On Sat, May 23, 2020 at 12:00 AM Robert Haas
<robertmhaas(at)gmail(dot)com> wrote:
> I think there's a significant difference. The idea I remember being
> discussed at the time was to divide the relation into equal parts at
> the very start and give one part to each worker. I think that carries
> a lot of risk of some workers finishing much sooner than others.
Was the idea of work-stealing considered? Here is what I have been
thinking about:
Each worker would be assigned a contiguous chunk of blocks at init time.
Then if a worker is finished with its work, it can inspect other
workers' remaining work and "steal" some of the blocks from the end of
the victim worker's allocation.
Considerations for such a scheme:
1. Victim selection: Who will be the victim worker?
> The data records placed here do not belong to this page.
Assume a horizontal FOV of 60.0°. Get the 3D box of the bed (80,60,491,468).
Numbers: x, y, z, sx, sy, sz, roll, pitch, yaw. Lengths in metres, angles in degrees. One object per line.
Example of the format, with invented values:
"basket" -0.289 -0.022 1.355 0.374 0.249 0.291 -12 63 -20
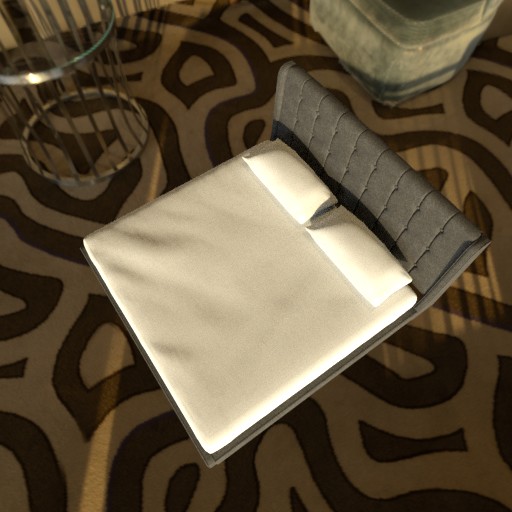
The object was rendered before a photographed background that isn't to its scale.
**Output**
"bed" 0.000 0.000 2.544 1.638 0.933 1.531 -32 66 -16
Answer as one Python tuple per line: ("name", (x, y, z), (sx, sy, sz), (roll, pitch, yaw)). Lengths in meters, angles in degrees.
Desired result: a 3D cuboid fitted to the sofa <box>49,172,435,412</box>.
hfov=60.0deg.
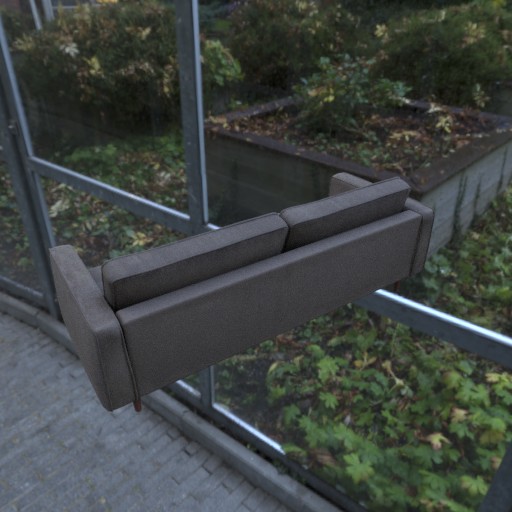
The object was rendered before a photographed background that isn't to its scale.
("sofa", (0.000, 0.000, 2.793), (2.295, 0.813, 0.923), (-19, 35, -28))
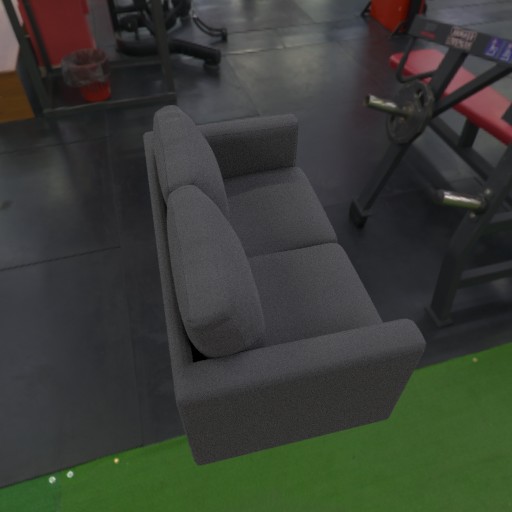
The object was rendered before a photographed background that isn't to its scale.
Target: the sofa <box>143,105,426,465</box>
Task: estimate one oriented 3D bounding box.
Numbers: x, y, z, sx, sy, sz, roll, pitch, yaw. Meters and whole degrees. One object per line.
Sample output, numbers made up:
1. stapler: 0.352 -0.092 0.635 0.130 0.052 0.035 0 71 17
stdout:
1. sofa: 0.000 0.000 1.926 0.796 0.908 1.430 -10 48 -9
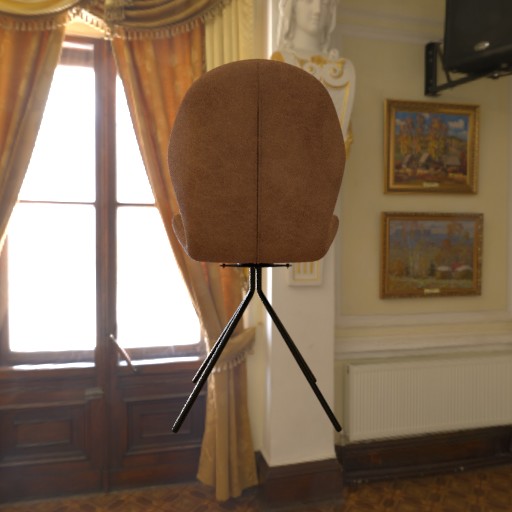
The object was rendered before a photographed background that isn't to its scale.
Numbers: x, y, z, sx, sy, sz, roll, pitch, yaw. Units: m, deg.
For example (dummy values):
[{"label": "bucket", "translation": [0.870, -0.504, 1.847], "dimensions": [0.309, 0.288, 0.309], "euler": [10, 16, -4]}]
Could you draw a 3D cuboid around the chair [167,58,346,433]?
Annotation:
[{"label": "chair", "translation": [0.000, 0.000, 1.336], "dimensions": [0.527, 0.929, 0.640], "euler": [0, 1, -1]}]
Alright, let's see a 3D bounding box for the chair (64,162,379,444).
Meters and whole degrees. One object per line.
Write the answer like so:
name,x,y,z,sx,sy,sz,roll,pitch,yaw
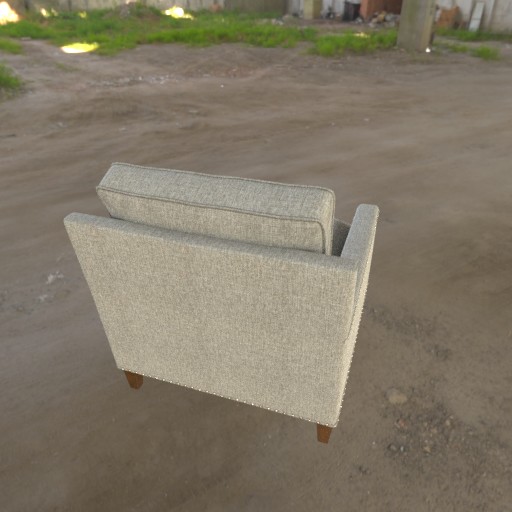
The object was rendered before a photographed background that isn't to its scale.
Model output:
chair,0.000,0.000,1.740,0.853,0.943,1.014,10,33,16
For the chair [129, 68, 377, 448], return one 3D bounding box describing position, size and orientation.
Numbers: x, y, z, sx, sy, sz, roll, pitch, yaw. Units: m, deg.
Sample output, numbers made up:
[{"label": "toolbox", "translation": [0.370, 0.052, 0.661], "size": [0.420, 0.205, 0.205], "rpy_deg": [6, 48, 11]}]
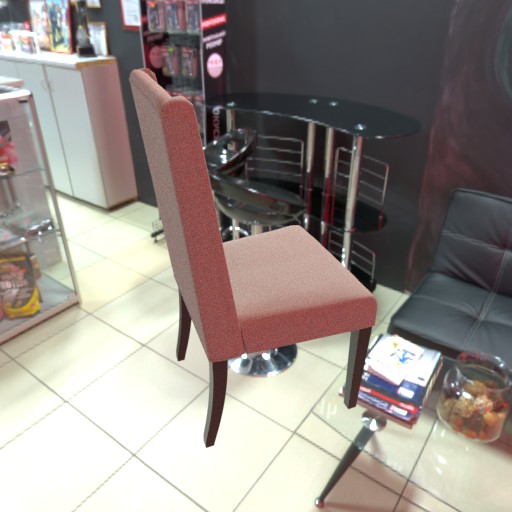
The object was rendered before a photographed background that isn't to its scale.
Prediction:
[{"label": "chair", "translation": [0.000, 0.000, 1.249], "size": [0.523, 0.961, 0.474], "rpy_deg": [-11, 32, -18]}]
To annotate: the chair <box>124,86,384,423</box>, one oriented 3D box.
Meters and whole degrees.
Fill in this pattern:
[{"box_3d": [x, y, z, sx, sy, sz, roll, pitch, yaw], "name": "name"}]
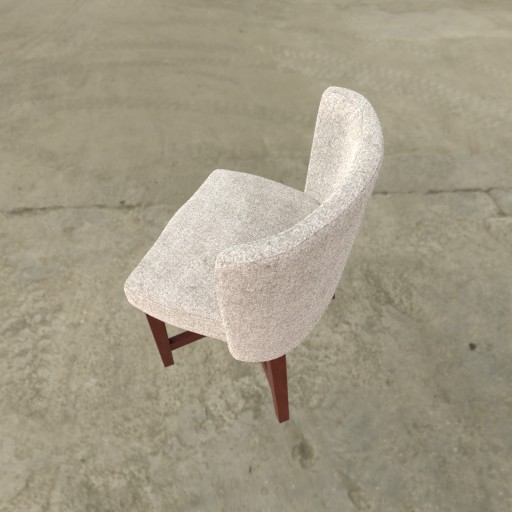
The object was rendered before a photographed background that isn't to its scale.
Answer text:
[{"box_3d": [0.000, 0.000, 1.318, 0.575, 0.827, 0.728, 17, 50, 15], "name": "chair"}]
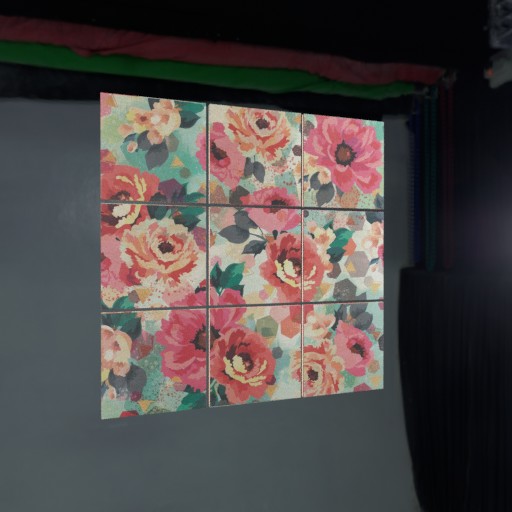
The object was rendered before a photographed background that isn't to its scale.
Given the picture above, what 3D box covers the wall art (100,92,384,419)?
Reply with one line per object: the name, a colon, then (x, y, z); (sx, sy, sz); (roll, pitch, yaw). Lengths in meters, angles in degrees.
wall art: (0.000, 0.000, 1.379); (0.911, 0.910, 0.012); (0, 0, -18)
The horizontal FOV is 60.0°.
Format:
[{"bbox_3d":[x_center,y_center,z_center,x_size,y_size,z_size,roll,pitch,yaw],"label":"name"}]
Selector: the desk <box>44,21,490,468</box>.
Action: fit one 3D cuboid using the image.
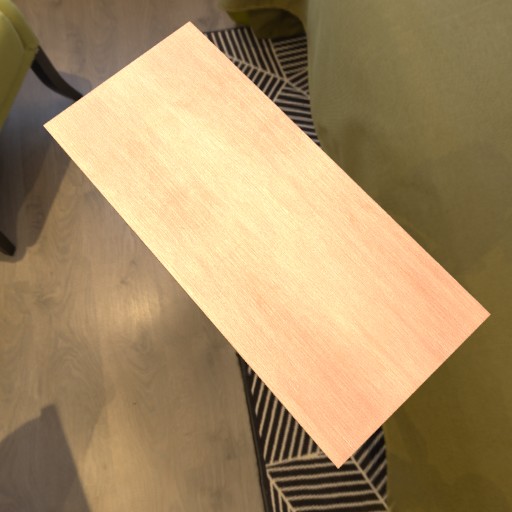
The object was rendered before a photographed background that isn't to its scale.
[{"bbox_3d":[0.000,0.000,1.379,0.470,0.762,1.016,-41,79,-10],"label":"desk"}]
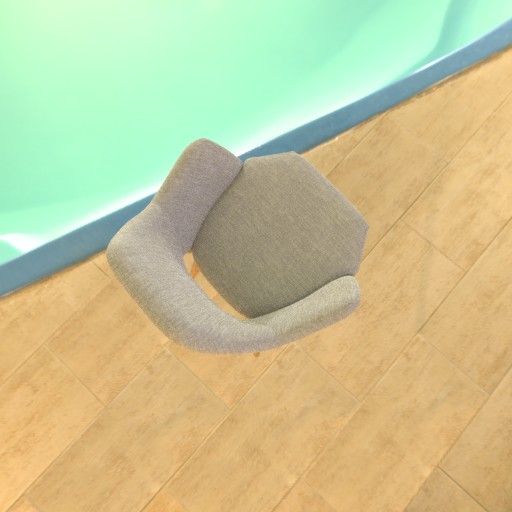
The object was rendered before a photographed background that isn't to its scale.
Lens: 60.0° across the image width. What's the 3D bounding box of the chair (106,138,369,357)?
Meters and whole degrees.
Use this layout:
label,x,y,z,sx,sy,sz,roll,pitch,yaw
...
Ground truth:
label,x,y,z,sx,sy,sz,roll,pitch,yaw
chair,0.000,0.000,1.282,0.610,0.840,0.590,-41,78,-10
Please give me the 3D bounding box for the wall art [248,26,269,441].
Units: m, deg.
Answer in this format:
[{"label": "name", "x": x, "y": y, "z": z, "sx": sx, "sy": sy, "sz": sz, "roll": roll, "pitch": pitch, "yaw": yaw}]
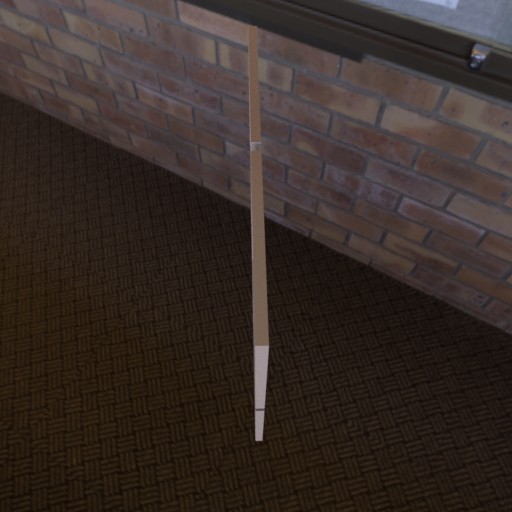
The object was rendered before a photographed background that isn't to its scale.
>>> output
[{"label": "wall art", "x": 0.000, "y": 0.000, "z": 1.666, "sx": 0.029, "sy": 1.118, "sz": 1.118, "roll": -1, "pitch": 58, "yaw": -1}]
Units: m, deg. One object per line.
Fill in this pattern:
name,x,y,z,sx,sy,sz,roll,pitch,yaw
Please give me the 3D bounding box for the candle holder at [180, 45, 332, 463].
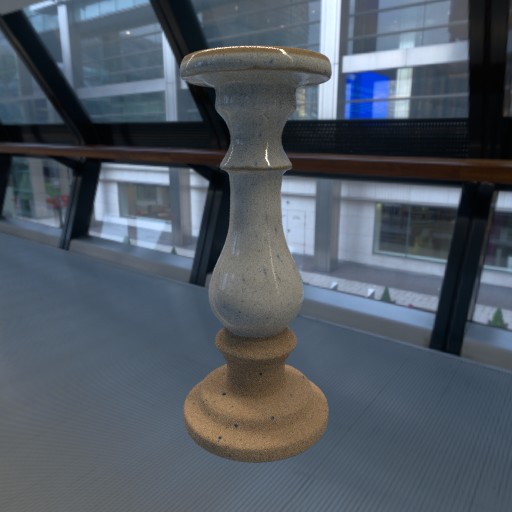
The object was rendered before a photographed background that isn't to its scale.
candle holder,0.000,0.000,0.248,0.088,0.203,0.088,0,14,0
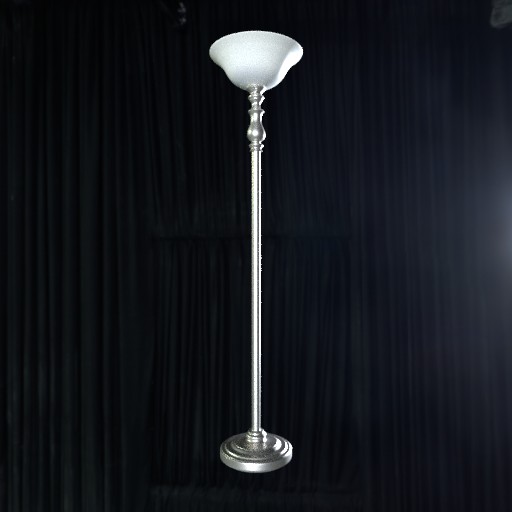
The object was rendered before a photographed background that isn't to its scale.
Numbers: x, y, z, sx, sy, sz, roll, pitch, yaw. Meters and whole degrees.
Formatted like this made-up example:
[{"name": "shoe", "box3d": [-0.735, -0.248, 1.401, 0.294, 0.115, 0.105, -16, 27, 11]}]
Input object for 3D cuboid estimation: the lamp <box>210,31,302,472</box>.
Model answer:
[{"name": "lamp", "box3d": [0.000, 0.000, 1.948, 0.405, 1.771, 0.405, 0, 0, -1]}]
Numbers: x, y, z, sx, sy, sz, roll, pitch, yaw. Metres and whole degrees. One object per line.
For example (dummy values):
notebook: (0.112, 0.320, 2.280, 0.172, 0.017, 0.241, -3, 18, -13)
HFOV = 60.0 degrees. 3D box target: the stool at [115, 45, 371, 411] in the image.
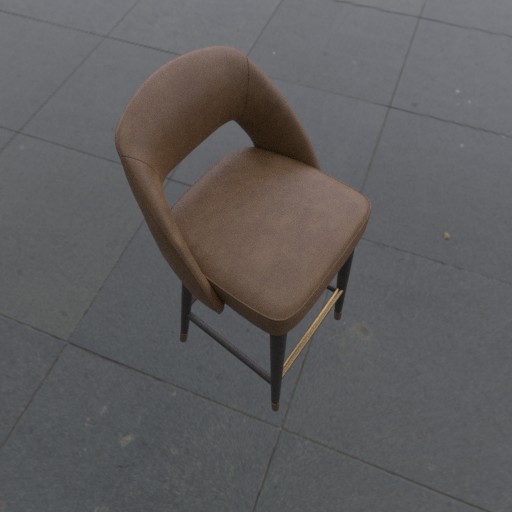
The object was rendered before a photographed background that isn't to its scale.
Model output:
stool: (0.000, 0.000, 1.292, 0.509, 1.037, 0.494, 32, 64, 18)
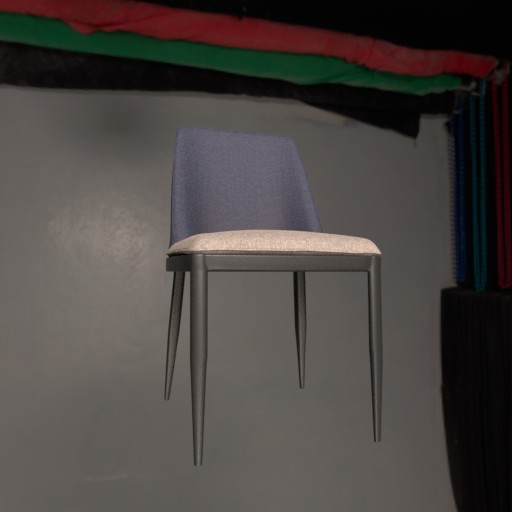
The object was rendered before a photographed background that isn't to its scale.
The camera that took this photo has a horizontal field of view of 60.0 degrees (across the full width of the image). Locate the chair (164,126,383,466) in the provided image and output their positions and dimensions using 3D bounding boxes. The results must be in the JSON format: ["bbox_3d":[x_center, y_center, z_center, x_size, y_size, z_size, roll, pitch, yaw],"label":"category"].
[{"bbox_3d":[0.000,0.000,1.192,0.480,0.839,0.551,1,-2,-17],"label":"chair"}]
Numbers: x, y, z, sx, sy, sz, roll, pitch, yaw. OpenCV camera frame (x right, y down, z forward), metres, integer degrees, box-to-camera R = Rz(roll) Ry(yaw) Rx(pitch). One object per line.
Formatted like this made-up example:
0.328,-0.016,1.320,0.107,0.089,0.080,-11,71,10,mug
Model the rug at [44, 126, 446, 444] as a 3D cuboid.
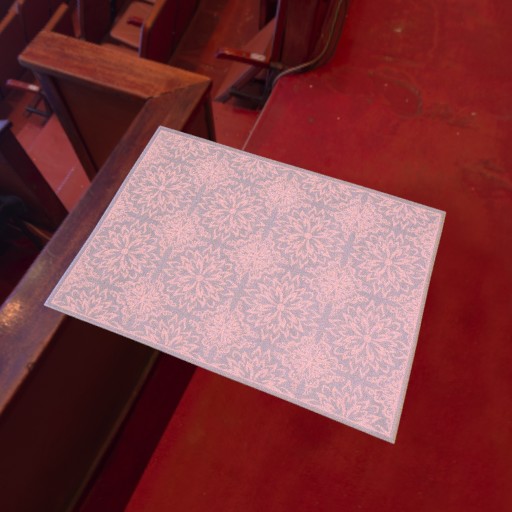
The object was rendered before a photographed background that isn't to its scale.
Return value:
0.000,0.000,2.904,2.205,0.014,1.589,19,64,10,rug
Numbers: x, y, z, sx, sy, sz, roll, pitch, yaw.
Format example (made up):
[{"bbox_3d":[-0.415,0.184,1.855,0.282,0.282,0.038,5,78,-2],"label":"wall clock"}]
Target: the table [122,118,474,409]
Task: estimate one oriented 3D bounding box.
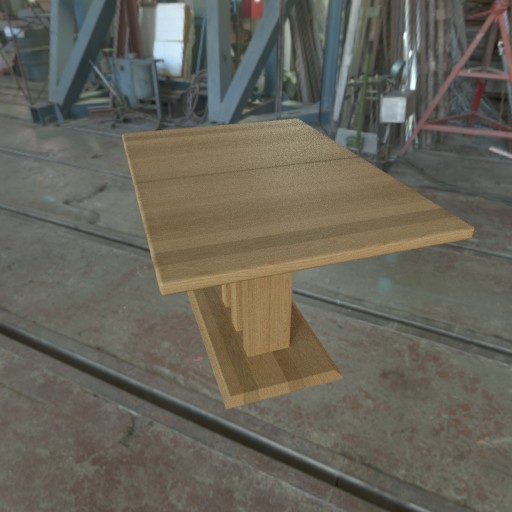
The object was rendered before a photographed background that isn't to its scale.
[{"bbox_3d":[0.000,0.000,1.874,0.900,0.770,1.300,-10,33,-16],"label":"table"}]
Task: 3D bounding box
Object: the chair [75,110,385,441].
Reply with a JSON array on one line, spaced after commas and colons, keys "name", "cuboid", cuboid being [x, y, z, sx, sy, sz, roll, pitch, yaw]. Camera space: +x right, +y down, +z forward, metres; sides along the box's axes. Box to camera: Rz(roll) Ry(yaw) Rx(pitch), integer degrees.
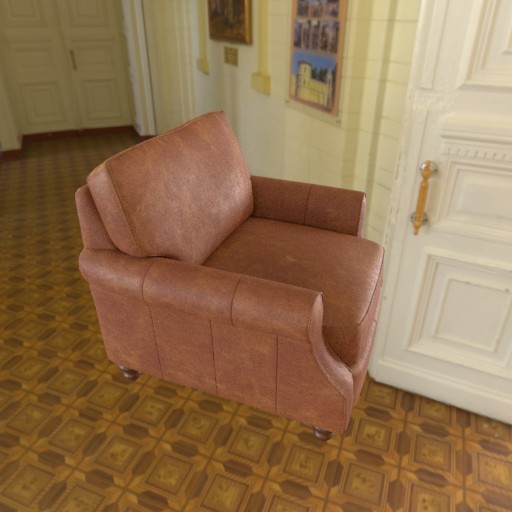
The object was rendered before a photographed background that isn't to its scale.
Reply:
[{"name": "chair", "cuboid": [0.000, 0.000, 1.747, 0.986, 0.962, 0.983, 11, 32, 18]}]
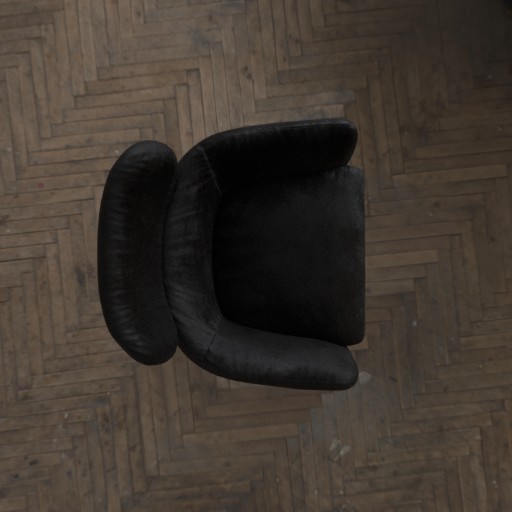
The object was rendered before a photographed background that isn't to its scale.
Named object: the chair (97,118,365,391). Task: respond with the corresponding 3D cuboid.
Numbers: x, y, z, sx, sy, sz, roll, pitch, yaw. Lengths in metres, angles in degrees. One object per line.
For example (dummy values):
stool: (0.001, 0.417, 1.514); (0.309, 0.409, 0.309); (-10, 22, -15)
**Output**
chair: (0.000, 0.000, 1.229); (0.604, 0.818, 0.640); (0, 89, 0)
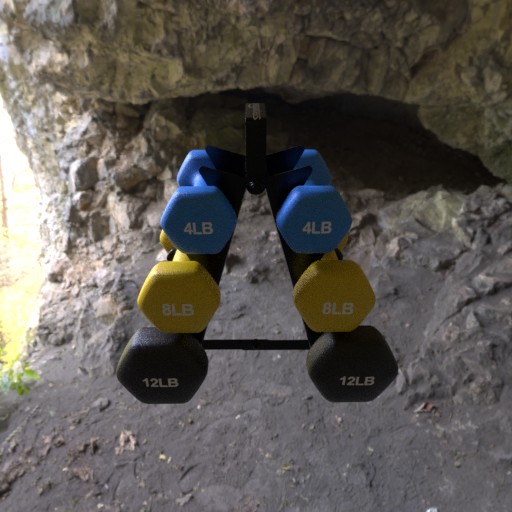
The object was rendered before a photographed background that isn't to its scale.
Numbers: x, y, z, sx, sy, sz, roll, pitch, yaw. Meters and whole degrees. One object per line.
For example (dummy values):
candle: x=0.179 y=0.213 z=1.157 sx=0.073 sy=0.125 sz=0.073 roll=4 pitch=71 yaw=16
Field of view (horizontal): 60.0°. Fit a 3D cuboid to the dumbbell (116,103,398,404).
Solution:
dumbbell: x=0.000 y=0.000 z=0.665 sx=0.409 sy=0.426 sz=0.255 roll=0 pitch=30 yaw=-1
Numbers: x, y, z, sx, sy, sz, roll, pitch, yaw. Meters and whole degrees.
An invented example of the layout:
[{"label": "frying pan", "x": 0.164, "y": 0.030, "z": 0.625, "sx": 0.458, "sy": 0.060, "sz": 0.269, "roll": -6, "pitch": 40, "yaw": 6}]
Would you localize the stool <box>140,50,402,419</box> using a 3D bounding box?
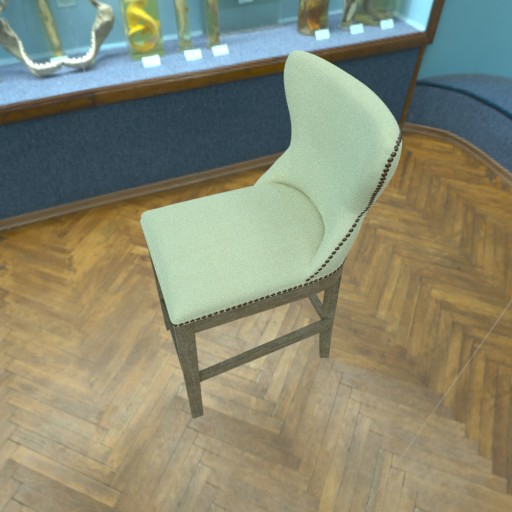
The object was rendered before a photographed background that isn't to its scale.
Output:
[{"label": "stool", "x": 0.000, "y": 0.000, "z": 1.328, "sx": 0.608, "sy": 0.981, "sz": 0.498, "roll": -16, "pitch": 49, "yaw": -14}]
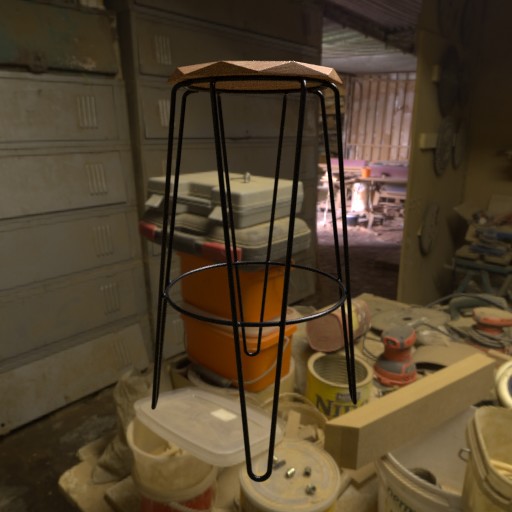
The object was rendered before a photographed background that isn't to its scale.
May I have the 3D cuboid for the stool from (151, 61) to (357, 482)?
[{"bbox_3d":[0.000,0.000,0.791,0.326,0.610,0.326,14,21,41],"label":"stool"}]

It can be selected at
random if nothing else.
2. How many blocks to steal? Stealing half of the victim's remaining
blocks seems to be fair.
3. Stealing threshold: We should disallow stealing if the amount of
remaining work is not enough in the victim worker.
4. Additional parallel state: Representing the chunk of "work". I guess
one variable for the current block and one for the last block in the
chunk allocated. The latter would have to be protected with atomic
fetches as it would be decremented by the stealing worker.
5. Point 4 implies that there might be more atomic fetch operations as
compared to this patch. Idk if that is a lesser evil than the workers
being idle..probably not? A way to salvage that a little would be to
forego atomic fetches when the amount of work remaining is less than the
threshold discussed in 3 as there is no possibility of work stealing then.